Не известно, чем бы завершилась эта конфузия, не подоспей к месту стычки генеральская охрана.

«Всё же хоть и коряво, но служба на подступах к Чулыму поставлена неплохо, — отметил про себя старый вояка, умыв­шись холодной колодезной водой и вытираясь чистым вышив­ным рушником.

— А скажи ты мне, служивый, кто у вас воинский началь­ник? — возвращая полотенце, поинтересовался главком.

— Так, вестимо ж, их сокородие оберкаптинармус Званский, комендант местной крепости! За ним уже мной и посыльный снаряжён.

— Хорошо, молодец! А звать как?

— Кого-сь, коменданта?
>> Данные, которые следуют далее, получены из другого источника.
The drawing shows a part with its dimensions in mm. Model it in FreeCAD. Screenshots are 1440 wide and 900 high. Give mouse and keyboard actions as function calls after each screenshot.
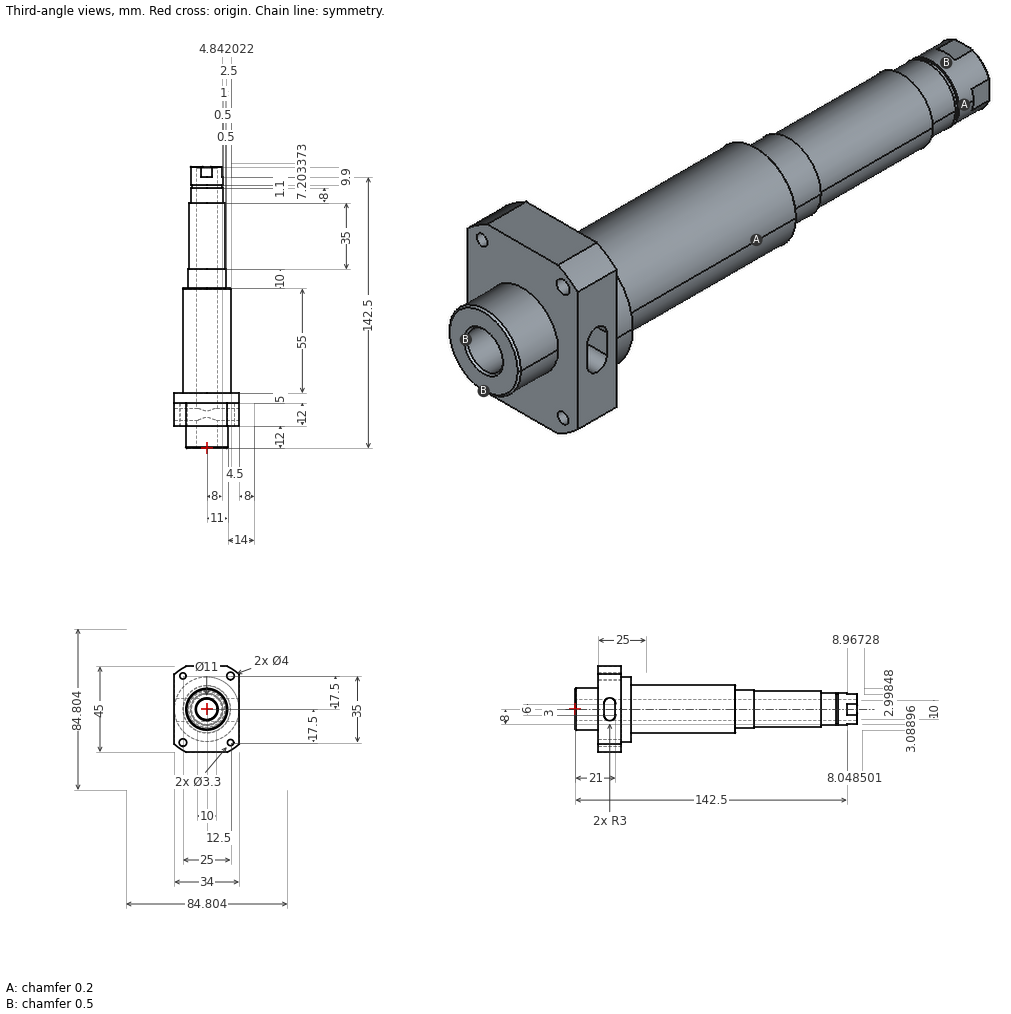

Так Прохом... Звиняйте, Прохором Захаровичем.

— Да нет, тебя, воин, как зовут? — оглядывая здоровенного детину, спросил Наместник, подставив вытянутые назад руки но­вому, принесённому из обоза мундиру с золотыми генеральски­ми погонами.

— Мяне-то Опанасом Вановичем Джексенко кличут...

— Рядовой Джексон! — застегнувшись на все золотые пуго­вицы, громогласно возвестил генерал, — за рвение и проявлен­ную бдительность присваиваю тебе очередное воинское звание подъефрейтор. Служи, сынок, глядишь, как и я, до генерала до­служишься.

— Служу мировому добру!

Большое служебное совещание было назначено в солдатском клубе Чулымской крепости, на которое, кроме местного началь­ства, ввиду важности и особой секретности вопроса, были также приглашены окрестные помещики, духовенство, поэты, и един­ственный местный композитор, для запечатления, так сказать, монументальности момента.

Конечно, называть клубом длинную приземистую избу было бы слишком смело, но чего-чего, а смелости нашей армии в тылу, да ещё и в мирное время, не занимать. Правда о клубе заключа­лась в том, что изба эта была многофункциональной и исполь­зовалась всякий раз по разному назначению: то для передержки молодняка в особо лютые зимы, то как казарма, то отдавалась под общежитие молодым специалистам, то под приют для туристов, промышлявших сбором дикоросов, в основном анаши, то дей­ствовала как клуб, а одно время даже была лазаретом и столовой в одном лице. Старанием местных и прибывших начальников, к обеду её привели в надлежащий культурному заведению вид. Над входом вывесили флаги и портрет Августейшего Демократа. Местные остряки и злословы прыскали в кулак, дескать, больно уж на портрете нынешний Преемник похож аж на позапрошлого, но всё это не из-за крамолы какой или вредности, а исключитель­но по причине местной скуки и бедности светской жизни.

Крепость же несказанно преобразилась: всё было выкрашено, выбелено, выметено, обновлено и отремонтировано. Повсюду был виден хозяйский глаз и отеческая забота. Генерал-Наместник инспекционым обходом фортификации остался весьма доволен. Осо­бый восторг у него вызвало состояние крепостной артиллерии. Где Прохор за такой короткий срок насобирал этакую уйму музейного хлама, одному богу известно! Главное, что вся эта историческая от­сталость исправно палила, сияла латунью и свежей краской и могла ещё послужить отечеству и демократии. За этакое рвение комендан­ту, на радость Глафире, было присвоено внеочередное звание «под­прапорщик» и обещана высокая державная награда.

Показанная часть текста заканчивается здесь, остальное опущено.